My mother and father were married for 40 years at the start of January. By way of celebration I organised a trip to Rome which seemed a good idea at the time. Although I’m nearly afraid to mention I was in Italy last week because all I heard was, ‘you weren’t away again’!.

A group of 16 headed to Rome last Sunday morning. It comprised what has been termed the Sunday Club; they are a group of friends who meet every Sunday afternoon for a few drinks. During the course of their get-together they catch up on life and offering opinions on various topics from football, politics, religion and every other conceivable concern until the world’s problems are sorted for another day.

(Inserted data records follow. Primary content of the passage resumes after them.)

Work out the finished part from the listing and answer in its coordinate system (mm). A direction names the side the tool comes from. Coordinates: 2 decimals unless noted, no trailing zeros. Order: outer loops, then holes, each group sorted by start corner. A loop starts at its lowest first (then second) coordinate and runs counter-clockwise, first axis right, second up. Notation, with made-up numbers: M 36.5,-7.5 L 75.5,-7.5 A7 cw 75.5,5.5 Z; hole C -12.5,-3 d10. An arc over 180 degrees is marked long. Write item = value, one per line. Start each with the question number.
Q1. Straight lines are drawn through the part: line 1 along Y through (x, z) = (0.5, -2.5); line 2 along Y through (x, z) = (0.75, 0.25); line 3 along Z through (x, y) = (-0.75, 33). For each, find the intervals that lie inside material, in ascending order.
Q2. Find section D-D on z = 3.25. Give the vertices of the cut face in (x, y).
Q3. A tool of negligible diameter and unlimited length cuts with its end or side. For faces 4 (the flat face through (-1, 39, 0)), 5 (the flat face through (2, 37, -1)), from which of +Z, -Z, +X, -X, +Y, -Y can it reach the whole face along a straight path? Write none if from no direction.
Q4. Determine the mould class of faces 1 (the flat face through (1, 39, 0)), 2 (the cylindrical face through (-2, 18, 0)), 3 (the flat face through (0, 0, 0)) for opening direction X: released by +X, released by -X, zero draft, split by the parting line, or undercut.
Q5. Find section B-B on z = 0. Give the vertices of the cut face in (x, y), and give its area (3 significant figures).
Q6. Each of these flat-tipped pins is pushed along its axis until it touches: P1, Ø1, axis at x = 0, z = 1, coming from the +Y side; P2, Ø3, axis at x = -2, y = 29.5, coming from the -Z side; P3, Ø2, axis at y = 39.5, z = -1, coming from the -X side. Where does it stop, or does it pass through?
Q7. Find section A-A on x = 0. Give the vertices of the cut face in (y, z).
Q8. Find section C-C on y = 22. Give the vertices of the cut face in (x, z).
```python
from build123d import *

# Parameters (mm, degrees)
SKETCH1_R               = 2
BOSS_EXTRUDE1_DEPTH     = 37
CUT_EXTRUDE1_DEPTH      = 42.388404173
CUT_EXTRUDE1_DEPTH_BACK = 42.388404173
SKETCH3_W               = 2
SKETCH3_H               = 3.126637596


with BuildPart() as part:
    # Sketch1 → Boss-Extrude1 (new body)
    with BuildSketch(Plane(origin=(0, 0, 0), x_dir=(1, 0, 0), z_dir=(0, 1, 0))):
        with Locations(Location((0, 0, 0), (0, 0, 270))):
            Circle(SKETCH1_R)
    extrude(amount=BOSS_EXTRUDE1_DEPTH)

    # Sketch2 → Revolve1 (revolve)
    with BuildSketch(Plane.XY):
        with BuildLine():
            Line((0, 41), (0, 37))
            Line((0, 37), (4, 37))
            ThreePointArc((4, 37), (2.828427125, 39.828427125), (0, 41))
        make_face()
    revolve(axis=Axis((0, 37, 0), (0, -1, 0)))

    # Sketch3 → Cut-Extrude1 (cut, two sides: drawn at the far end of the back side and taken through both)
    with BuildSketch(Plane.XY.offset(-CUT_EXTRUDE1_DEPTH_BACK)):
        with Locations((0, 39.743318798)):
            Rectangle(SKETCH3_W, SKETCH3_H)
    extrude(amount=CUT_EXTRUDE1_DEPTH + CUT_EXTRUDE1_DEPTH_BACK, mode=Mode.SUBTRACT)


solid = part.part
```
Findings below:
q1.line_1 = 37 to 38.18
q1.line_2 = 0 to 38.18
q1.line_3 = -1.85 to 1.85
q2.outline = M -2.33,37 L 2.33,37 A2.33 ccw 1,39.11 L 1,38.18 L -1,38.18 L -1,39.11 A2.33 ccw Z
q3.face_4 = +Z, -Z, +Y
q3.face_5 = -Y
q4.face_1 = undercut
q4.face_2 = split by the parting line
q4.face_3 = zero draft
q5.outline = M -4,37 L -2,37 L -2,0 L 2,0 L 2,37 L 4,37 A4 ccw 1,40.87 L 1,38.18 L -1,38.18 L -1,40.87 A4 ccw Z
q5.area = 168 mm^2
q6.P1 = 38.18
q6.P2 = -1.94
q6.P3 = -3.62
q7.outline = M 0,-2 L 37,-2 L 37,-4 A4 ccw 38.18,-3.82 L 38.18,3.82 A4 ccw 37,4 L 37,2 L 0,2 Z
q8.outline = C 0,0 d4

My parents are members of the Sunday club along with their peers although it’s very segregated with the women sitting around one table and the men sitting round another table usually watching the football.

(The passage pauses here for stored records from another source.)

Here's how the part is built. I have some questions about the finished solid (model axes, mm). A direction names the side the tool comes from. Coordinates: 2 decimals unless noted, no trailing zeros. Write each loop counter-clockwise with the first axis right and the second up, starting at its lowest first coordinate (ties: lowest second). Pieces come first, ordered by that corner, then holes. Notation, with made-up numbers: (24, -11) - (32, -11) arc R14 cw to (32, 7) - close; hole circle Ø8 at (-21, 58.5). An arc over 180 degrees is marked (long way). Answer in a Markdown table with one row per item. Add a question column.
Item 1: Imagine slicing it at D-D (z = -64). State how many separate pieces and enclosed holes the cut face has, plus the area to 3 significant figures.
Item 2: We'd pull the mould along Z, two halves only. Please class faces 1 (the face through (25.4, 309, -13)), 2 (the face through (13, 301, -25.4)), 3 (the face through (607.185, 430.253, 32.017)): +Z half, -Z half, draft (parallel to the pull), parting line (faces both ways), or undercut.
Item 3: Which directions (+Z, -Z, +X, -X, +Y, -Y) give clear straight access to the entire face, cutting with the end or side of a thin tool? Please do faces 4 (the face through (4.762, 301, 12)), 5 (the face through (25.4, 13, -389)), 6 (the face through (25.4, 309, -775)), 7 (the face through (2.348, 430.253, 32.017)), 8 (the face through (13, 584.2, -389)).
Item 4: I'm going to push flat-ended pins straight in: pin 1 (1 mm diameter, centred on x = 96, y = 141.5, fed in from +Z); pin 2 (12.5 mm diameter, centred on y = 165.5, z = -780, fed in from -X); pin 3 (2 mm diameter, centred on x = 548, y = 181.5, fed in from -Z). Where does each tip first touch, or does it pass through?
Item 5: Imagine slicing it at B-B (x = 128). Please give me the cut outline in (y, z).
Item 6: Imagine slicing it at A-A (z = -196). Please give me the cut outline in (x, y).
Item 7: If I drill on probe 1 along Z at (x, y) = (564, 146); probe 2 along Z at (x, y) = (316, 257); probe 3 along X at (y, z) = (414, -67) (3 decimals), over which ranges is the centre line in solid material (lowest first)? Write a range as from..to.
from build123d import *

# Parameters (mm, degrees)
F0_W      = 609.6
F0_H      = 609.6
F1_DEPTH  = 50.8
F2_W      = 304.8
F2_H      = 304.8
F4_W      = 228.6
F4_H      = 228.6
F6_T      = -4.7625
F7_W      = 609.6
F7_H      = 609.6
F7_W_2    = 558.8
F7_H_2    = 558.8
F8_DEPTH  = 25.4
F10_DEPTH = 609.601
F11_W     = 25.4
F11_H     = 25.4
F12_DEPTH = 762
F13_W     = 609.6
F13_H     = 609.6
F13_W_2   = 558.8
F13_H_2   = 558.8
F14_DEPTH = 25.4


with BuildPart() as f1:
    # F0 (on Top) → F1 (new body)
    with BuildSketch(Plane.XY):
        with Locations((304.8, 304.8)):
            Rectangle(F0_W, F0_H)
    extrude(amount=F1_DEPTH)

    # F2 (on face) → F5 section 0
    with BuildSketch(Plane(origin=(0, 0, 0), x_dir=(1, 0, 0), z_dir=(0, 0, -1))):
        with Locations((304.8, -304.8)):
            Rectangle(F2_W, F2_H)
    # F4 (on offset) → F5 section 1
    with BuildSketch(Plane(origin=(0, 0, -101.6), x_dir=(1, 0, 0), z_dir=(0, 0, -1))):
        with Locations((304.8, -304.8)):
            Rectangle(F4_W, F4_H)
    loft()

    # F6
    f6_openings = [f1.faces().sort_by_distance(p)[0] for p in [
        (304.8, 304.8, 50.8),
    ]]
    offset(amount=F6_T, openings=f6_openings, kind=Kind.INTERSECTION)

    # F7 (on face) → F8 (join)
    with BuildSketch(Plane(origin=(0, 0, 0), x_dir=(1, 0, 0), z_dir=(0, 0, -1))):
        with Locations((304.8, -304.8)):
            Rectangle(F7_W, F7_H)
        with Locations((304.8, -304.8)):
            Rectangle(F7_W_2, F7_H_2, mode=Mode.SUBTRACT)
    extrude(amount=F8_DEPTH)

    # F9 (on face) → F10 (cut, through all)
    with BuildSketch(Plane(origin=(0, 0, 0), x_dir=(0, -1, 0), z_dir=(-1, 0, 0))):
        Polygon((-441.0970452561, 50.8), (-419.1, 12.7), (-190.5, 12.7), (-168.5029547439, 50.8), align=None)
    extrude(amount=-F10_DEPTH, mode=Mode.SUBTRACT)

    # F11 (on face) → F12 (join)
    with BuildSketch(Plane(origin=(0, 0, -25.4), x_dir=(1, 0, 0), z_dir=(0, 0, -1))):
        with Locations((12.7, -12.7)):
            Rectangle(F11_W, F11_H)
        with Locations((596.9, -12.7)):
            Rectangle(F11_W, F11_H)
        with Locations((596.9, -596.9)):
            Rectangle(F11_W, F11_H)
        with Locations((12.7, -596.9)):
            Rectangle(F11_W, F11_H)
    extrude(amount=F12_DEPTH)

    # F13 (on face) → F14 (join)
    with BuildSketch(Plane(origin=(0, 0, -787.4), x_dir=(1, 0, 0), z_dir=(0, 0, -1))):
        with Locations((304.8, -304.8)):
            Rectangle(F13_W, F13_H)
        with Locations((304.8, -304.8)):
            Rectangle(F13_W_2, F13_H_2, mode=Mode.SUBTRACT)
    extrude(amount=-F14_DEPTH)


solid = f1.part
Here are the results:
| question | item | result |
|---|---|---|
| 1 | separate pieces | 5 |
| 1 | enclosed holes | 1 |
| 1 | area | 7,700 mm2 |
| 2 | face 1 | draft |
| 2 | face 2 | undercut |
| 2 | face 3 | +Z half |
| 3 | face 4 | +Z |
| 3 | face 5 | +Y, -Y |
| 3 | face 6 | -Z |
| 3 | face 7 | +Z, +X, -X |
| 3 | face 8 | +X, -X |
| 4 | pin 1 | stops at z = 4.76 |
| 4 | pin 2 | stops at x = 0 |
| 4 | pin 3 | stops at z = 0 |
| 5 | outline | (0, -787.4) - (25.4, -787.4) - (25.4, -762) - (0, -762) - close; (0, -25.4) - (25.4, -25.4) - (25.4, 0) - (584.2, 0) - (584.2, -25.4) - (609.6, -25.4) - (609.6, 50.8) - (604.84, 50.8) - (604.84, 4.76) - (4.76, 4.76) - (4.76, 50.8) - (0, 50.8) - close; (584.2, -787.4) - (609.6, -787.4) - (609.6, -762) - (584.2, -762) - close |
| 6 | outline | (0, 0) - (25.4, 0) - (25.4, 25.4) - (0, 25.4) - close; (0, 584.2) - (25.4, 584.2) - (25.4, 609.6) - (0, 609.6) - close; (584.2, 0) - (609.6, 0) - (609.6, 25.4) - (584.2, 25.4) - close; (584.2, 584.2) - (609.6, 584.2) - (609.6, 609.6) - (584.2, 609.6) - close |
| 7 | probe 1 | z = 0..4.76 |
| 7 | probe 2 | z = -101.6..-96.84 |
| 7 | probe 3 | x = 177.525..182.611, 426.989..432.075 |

They have been meeting together as a group of friends for over 20 years so when the trip to Rome was organised they went on tour. The majority of the travelling party were over 60, never mind 50, with a few exceptions, you could say we had our own version of a Saga or Sun Alliance holiday. Every morning there was a roll call to make sure they were all still with us. The younger members of the tour party had to act as a guide which wasn’t the easiest experience. Two of the erstwhile guides were teachers accustomed to being on trips with children. After one day the pair confessed they would rather be looking after two busloads of weans than 12 older adults.

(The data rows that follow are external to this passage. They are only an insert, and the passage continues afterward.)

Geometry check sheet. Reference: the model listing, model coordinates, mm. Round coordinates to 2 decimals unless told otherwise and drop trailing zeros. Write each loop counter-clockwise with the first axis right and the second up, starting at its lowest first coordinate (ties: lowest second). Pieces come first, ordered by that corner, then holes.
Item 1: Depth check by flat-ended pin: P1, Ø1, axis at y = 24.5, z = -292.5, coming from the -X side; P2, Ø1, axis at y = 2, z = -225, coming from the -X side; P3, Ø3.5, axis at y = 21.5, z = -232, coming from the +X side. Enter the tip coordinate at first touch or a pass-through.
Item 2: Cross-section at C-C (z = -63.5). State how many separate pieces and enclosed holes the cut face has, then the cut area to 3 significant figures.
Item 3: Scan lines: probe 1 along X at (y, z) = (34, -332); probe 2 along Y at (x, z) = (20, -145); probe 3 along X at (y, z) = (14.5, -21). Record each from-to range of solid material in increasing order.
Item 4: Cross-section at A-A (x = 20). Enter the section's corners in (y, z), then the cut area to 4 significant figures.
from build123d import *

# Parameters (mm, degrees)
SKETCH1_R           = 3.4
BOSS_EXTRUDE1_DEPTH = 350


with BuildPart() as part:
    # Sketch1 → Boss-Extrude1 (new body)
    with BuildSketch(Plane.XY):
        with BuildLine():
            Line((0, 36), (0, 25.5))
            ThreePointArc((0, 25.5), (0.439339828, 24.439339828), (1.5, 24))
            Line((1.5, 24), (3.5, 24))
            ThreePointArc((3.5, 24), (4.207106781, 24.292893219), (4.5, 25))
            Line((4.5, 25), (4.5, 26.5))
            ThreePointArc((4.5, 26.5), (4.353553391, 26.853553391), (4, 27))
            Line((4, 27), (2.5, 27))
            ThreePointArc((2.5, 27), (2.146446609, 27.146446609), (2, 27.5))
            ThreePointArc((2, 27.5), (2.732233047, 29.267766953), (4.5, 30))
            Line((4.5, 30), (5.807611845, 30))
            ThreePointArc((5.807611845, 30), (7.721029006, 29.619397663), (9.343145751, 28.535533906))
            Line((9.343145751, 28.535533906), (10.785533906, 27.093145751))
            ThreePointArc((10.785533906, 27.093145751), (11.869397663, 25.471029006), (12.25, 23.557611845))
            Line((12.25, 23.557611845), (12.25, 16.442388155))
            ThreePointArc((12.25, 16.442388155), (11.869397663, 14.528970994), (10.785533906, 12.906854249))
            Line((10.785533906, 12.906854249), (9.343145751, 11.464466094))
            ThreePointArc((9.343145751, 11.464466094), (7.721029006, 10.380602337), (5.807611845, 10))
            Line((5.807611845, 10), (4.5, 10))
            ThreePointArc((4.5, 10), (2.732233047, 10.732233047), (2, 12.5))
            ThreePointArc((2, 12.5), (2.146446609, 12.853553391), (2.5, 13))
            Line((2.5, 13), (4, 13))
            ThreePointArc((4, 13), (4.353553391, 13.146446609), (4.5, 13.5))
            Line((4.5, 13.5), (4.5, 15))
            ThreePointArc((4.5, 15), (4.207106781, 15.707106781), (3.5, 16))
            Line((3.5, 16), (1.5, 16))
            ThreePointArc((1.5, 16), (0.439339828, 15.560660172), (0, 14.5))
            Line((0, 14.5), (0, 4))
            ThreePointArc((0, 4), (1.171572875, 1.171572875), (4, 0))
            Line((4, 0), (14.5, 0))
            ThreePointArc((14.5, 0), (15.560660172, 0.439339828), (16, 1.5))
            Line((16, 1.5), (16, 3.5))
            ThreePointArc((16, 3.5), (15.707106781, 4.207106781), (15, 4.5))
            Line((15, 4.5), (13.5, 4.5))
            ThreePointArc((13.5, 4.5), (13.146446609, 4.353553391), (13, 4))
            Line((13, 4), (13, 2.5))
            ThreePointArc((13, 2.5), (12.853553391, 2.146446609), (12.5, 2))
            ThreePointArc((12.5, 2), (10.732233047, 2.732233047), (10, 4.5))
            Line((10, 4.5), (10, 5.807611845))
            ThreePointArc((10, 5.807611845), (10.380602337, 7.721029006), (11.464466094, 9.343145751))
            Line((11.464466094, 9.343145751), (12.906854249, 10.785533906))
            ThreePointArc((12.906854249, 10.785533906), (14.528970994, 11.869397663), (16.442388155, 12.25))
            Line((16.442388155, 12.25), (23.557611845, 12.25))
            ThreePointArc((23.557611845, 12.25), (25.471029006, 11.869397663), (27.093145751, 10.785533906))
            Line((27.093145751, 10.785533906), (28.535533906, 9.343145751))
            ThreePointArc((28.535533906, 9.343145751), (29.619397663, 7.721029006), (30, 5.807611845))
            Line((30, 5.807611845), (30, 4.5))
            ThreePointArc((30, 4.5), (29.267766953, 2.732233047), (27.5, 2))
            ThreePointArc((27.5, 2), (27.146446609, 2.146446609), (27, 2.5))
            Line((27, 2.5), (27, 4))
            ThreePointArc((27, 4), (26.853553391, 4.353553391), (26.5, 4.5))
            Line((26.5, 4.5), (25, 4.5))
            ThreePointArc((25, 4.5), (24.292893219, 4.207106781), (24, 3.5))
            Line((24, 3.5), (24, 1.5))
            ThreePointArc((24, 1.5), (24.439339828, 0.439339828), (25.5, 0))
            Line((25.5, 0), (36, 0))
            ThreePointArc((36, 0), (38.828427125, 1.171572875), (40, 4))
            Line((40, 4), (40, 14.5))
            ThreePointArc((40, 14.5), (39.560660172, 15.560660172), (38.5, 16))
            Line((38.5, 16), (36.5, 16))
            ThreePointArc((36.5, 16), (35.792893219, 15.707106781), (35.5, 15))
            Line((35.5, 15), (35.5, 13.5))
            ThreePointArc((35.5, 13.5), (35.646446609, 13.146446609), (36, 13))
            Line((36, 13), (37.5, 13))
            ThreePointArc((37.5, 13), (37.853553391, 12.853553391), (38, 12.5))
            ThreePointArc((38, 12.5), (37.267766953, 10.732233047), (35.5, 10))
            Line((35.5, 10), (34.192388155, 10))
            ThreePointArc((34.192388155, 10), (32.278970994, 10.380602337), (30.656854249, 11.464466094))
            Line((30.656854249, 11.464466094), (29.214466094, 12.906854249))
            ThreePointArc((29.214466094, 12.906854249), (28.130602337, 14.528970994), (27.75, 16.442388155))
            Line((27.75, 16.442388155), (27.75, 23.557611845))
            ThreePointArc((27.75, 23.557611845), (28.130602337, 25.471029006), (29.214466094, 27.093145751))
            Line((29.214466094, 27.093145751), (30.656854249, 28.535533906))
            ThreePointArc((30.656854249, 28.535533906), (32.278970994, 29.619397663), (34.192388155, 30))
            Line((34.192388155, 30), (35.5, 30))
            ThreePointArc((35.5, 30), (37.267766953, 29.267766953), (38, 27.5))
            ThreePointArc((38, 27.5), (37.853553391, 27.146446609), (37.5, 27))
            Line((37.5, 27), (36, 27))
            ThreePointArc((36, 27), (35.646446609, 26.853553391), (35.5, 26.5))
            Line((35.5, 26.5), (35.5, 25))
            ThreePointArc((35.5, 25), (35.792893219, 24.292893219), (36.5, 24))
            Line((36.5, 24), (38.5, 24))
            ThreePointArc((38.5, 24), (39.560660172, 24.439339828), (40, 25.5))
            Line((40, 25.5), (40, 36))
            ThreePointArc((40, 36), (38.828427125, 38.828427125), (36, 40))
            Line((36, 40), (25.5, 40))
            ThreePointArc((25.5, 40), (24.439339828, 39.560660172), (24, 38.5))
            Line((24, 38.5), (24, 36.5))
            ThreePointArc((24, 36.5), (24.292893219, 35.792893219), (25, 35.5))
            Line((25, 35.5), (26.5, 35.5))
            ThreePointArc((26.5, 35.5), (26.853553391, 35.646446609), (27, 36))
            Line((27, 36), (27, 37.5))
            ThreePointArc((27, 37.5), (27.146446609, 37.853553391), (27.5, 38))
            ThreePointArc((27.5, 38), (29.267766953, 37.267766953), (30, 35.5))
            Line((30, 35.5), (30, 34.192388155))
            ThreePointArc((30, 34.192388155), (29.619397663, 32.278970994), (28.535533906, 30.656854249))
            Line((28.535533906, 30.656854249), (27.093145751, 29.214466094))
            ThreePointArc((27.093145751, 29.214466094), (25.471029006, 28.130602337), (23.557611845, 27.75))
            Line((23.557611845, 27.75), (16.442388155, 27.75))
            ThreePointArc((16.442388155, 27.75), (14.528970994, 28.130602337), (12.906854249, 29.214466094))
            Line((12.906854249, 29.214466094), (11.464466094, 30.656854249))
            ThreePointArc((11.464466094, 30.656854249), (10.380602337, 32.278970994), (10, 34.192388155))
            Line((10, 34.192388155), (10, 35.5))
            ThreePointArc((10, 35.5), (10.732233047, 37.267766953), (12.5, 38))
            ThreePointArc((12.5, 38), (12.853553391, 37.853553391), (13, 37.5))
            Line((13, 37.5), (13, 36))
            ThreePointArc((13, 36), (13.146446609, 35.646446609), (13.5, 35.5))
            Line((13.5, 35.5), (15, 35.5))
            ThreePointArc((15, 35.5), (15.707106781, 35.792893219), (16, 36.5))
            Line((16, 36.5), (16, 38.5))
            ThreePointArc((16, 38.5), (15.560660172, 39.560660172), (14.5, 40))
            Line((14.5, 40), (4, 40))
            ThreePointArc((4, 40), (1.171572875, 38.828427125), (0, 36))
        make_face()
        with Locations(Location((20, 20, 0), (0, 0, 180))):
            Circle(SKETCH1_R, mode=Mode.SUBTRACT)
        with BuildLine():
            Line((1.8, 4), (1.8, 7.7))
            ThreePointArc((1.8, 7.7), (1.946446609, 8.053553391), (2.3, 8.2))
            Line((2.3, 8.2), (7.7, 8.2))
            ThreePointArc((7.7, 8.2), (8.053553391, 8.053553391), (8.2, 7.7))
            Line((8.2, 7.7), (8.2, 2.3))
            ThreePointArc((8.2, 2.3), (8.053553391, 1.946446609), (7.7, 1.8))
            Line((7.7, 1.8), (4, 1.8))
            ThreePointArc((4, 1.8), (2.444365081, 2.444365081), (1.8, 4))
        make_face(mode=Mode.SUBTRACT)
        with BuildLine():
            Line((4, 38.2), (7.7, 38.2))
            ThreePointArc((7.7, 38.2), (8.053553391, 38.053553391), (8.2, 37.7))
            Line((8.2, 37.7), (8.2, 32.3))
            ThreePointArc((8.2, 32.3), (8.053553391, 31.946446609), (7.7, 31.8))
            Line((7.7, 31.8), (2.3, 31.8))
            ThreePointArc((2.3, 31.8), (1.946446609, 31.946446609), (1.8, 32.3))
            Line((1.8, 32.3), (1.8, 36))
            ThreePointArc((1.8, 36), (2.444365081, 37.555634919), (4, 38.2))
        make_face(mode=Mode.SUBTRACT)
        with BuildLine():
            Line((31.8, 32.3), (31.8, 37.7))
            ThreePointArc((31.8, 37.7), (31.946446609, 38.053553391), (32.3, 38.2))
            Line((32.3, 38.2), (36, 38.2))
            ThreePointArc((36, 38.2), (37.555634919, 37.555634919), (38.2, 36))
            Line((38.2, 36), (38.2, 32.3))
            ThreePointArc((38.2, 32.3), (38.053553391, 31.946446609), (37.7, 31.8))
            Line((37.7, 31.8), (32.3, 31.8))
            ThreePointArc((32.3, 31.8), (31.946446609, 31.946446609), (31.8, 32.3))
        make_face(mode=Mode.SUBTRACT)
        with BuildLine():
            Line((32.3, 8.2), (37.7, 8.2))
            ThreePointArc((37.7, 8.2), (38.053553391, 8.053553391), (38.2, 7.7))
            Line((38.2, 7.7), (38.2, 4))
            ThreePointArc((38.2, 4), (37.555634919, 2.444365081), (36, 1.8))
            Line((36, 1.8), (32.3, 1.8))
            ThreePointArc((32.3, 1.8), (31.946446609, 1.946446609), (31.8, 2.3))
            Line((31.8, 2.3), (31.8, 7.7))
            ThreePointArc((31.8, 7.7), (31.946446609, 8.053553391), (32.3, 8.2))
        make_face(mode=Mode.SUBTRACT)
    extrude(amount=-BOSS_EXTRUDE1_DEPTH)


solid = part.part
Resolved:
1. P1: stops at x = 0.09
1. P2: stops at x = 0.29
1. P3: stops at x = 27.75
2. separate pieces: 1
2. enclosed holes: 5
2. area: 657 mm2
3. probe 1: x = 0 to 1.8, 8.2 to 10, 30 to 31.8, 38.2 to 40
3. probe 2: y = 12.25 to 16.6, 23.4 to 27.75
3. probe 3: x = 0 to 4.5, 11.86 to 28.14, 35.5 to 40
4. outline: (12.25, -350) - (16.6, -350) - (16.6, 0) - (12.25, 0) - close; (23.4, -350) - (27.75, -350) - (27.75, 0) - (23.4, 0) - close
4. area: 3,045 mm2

The first day wasn’t too taxing apart from trying to divert the women away from shops as they compared the prices of rosary beads, statues, and various other historical and religious souvenirs without which a trip abroad wouldn’t be complete. The shoppers would do anything to save a euro or 50 cents.

The next morning we gathered from our two hotels to meet at Termini Railway Station. This wasn’t even straightforward as one couple left behind their camera so eventually we decided we would risk the metro ,so we lined them up in pairs and bought them one all day metro ticket each. We proceeded to brief them on how to use the ticket and at which station we would be getting out to begin our tour. Eventually we bought a Vatican flag to use as a focal point for the group although I wasn’t impressed when I was told there was no point in me holding it aloft because it would have been lost in the crowd.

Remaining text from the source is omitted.